# new winter house



## ThreeCatzGirl (Jan 16, 2009)

Look what santa got for the outside kitties today. Smokey and his friends will be happy. :grin:


----------



## ThreeCatzGirl (Jan 16, 2009)

I posted on craigslist that i was looking for a igloo for the cats..so someone emailed me sayin they have one for $25.00 . So i asked for pictures. They sent the pics and i said *sold* So today my mom went to pick it up for me. 

When she came home...she said it was really big. It was big.  It looked small in the picture. It will have to do .. as you can see in the second picture...i put alot of straw inside it. Hopefully the cats will enjoy there new house. 
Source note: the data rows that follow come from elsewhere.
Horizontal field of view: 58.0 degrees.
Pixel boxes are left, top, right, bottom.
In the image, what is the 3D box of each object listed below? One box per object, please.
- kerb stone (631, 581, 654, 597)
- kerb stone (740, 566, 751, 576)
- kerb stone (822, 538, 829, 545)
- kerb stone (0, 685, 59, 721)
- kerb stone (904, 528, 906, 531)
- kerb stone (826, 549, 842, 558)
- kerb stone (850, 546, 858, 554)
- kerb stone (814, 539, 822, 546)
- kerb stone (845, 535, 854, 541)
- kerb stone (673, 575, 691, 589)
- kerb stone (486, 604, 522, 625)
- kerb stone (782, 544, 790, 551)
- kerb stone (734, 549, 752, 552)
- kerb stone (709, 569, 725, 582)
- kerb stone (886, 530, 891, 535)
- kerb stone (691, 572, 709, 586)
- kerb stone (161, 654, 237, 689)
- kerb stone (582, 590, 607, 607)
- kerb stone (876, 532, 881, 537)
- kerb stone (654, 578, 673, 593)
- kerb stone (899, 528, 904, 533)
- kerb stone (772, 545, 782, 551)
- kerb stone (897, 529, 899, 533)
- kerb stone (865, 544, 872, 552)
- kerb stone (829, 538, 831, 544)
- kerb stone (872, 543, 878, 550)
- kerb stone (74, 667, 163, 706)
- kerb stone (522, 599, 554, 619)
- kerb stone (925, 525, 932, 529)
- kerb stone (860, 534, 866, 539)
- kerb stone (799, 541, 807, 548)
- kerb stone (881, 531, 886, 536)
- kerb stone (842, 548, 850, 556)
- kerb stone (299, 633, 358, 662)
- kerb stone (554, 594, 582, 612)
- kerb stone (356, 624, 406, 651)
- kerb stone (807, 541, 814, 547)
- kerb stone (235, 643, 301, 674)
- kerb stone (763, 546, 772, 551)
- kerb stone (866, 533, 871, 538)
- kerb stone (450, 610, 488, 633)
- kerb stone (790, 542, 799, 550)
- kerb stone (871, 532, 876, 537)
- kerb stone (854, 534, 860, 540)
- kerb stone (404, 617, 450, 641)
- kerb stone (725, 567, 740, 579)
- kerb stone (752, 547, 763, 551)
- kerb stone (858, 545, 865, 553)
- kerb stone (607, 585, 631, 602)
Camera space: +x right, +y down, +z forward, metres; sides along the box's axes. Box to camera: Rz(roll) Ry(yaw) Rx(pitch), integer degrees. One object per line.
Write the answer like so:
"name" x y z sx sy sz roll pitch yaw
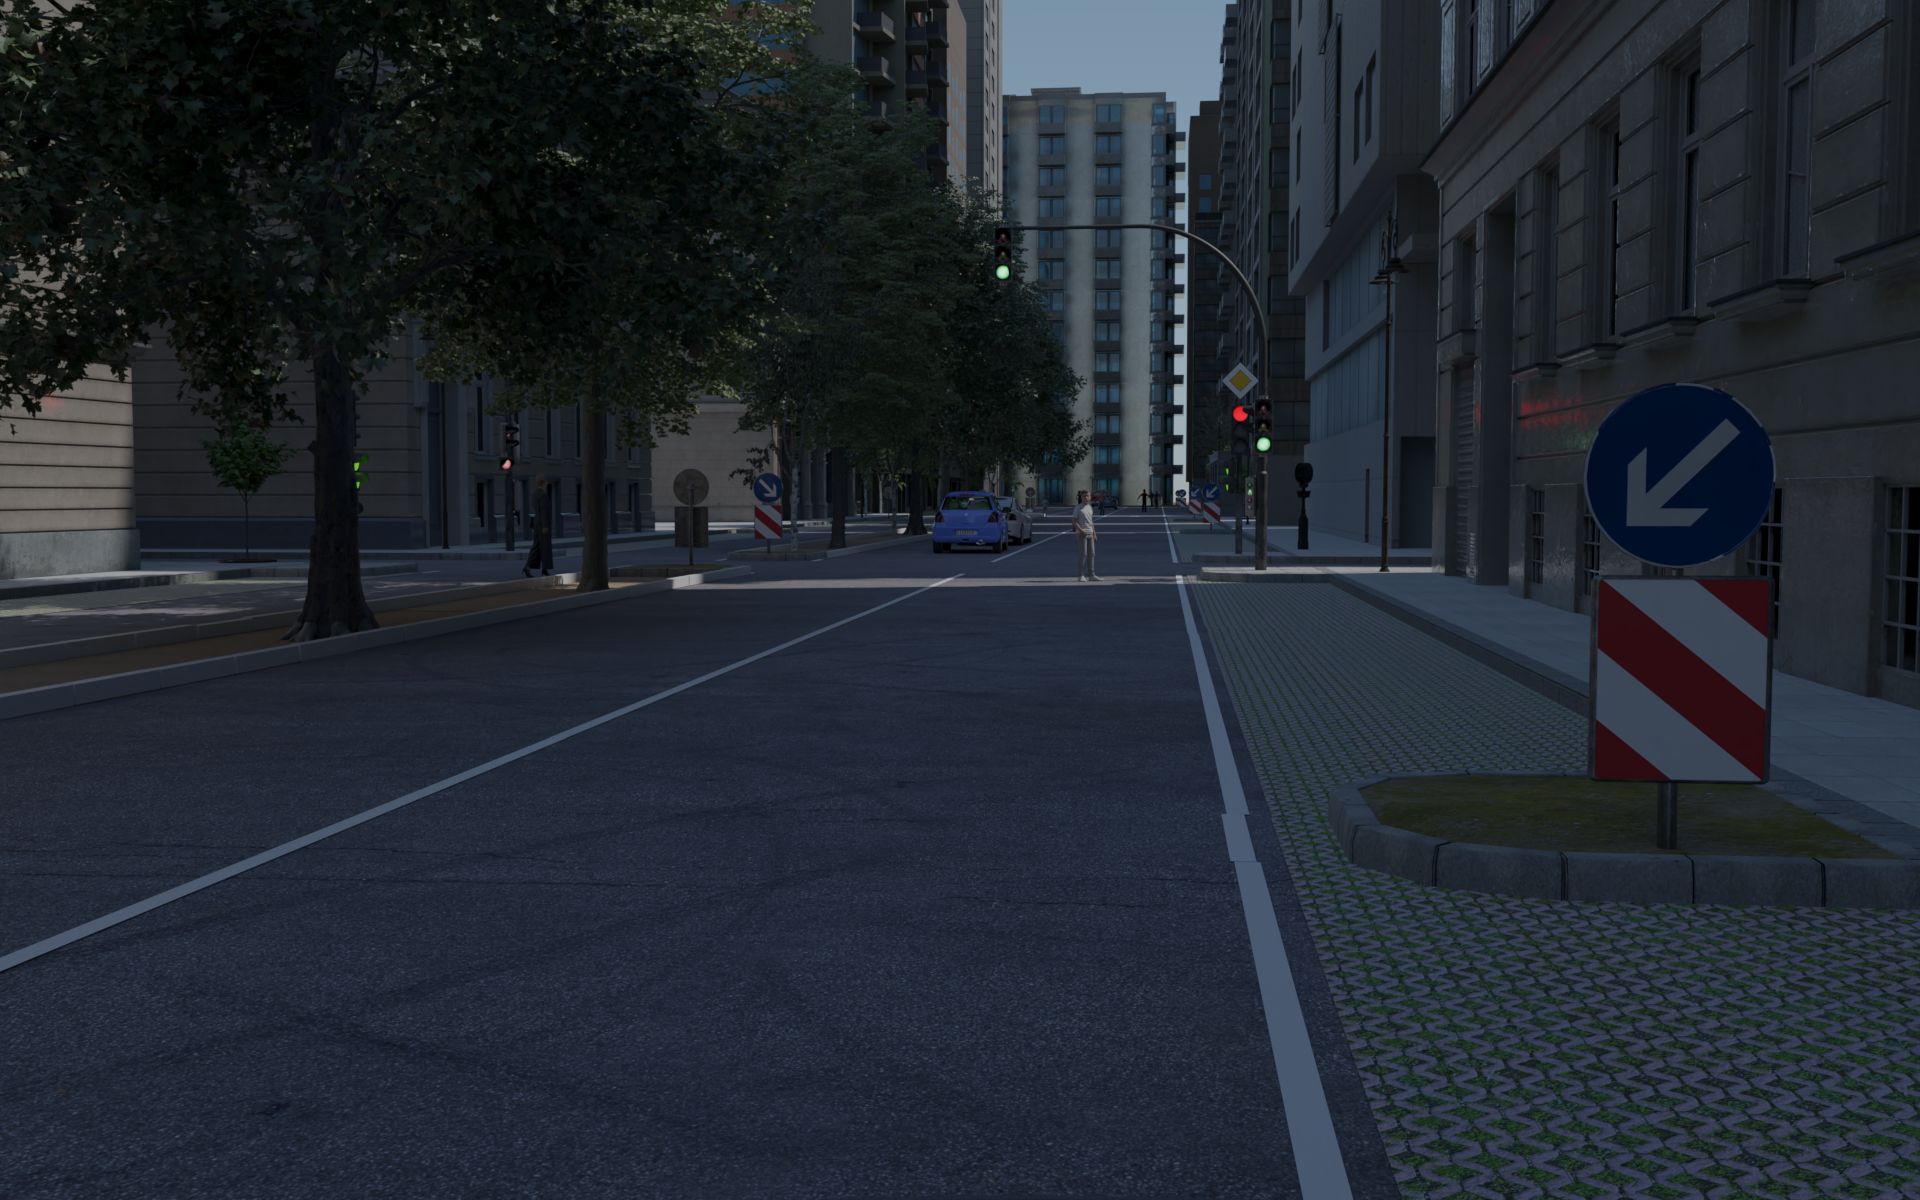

In the spring/summer time...what should i do? should the straw come out? just leave it empty? with the smaller house..i put down towels for them to sleep on. but i dont have enough towels to cover up the bottom of the igloo. 

maybe i can put a dog bed inside it or something in the summer time.


----------



## lyle (Oct 28, 2010)

You might consider not using towels at all. I have several "outdoor" houses and one in the garage for several years and just use straw. The cats will "nest" in the straw just fine. I change the straw every several months. Nice job on the house by the way, looks good.


----------



## 3gatos (Nov 28, 2012)

Wow, that's a serious score! $25?! Looks great, the kitties will love it


----------



## ThreeCatzGirl (Jan 16, 2009)

Smokey and baby blue have been using the house already. i put there food bowls inside and they go and eat. 

smokey isnt to sure about it just yet...but he will get used to it soon.

for the summer time...im thinking of taking out the straw and putting down an outdoor dog bed so its comfy for them. wont the straw be hot for them in the summer?

thanks


----------